Published on Tuesday, November 1, 2005 by the
Providence Journalby John R. MacArthur (
publisher of Harper's Magazine)
New York -- It's been dreadful, these past three years putting up with George Bush's fraudulent rationales for invading Iraq. And
there's no respite in sight -- the phony justifications keep coming, no matter how many corpses pile up, no matter how badly the
political situation deteriorates in Baghdad, no matter how many lies surface about the pre-war propaganda campaign.
The other night in a restaurant I had to bite my tongue, instead of my bread, when a man at a neighboring table declared his "trust"
in Dick Cheney and the president.
But as much as I'm infuriated by the Bush brigade's steadfast support of the Iraq horror, I find myself angrier still when pro-war
liberals -- the so-called reluctant hawks -- wring their hands over the bloody mess they've wrought with their neo-conservative allies.

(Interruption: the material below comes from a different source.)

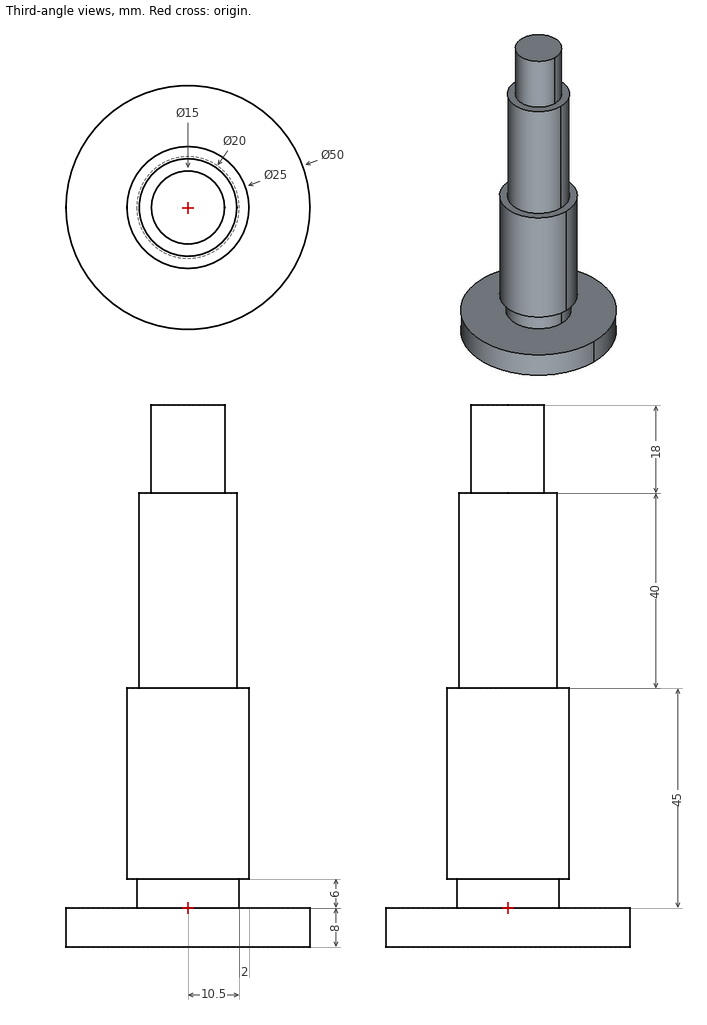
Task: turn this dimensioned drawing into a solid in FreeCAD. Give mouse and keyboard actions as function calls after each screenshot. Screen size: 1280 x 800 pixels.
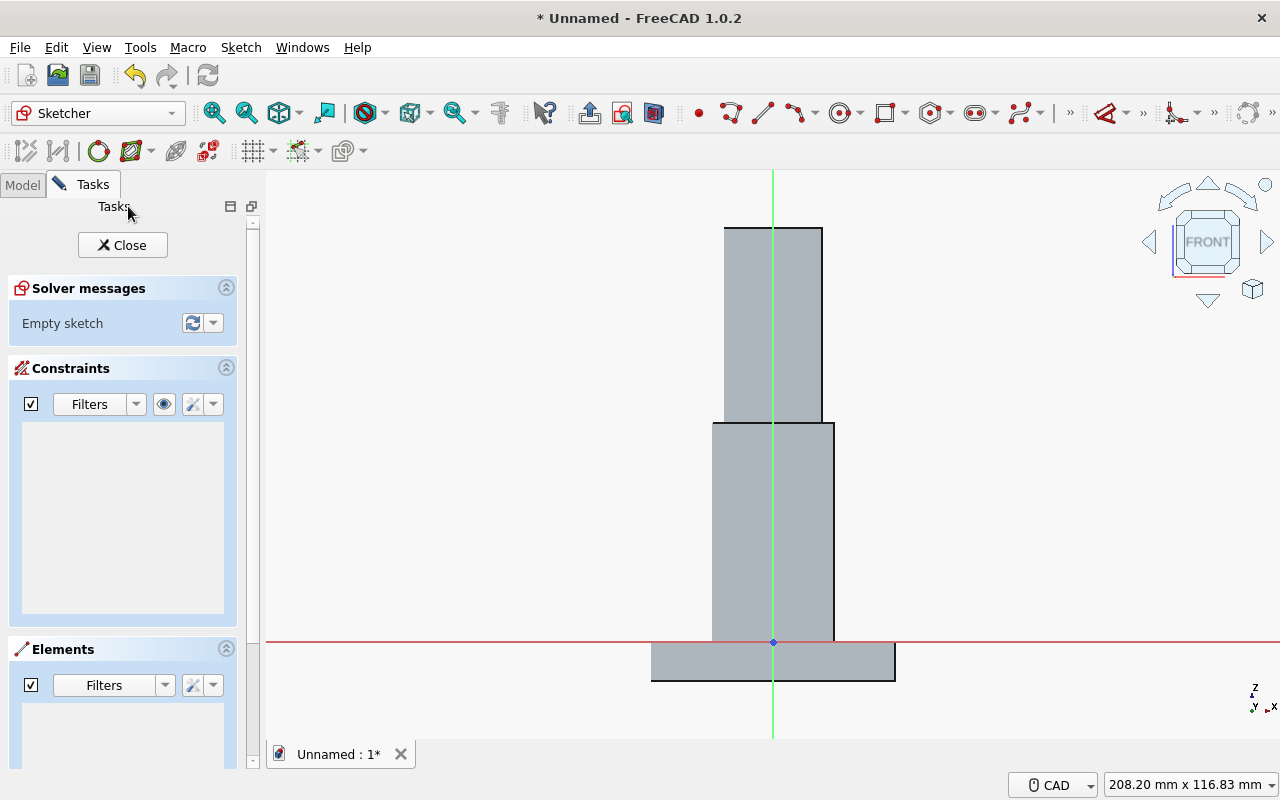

There are many such handwringers in politics, especially within the leadership of the Democratic Party. Sen. Joseph Biden, of
Delaware, is forever asking "tough questions" about Iraq (the torture at Abu Ghraib and Guantanamo upset him terribly), without
drawing the obvious conclusion that we never should have attacked in the first place, and need to get out as fast as possible.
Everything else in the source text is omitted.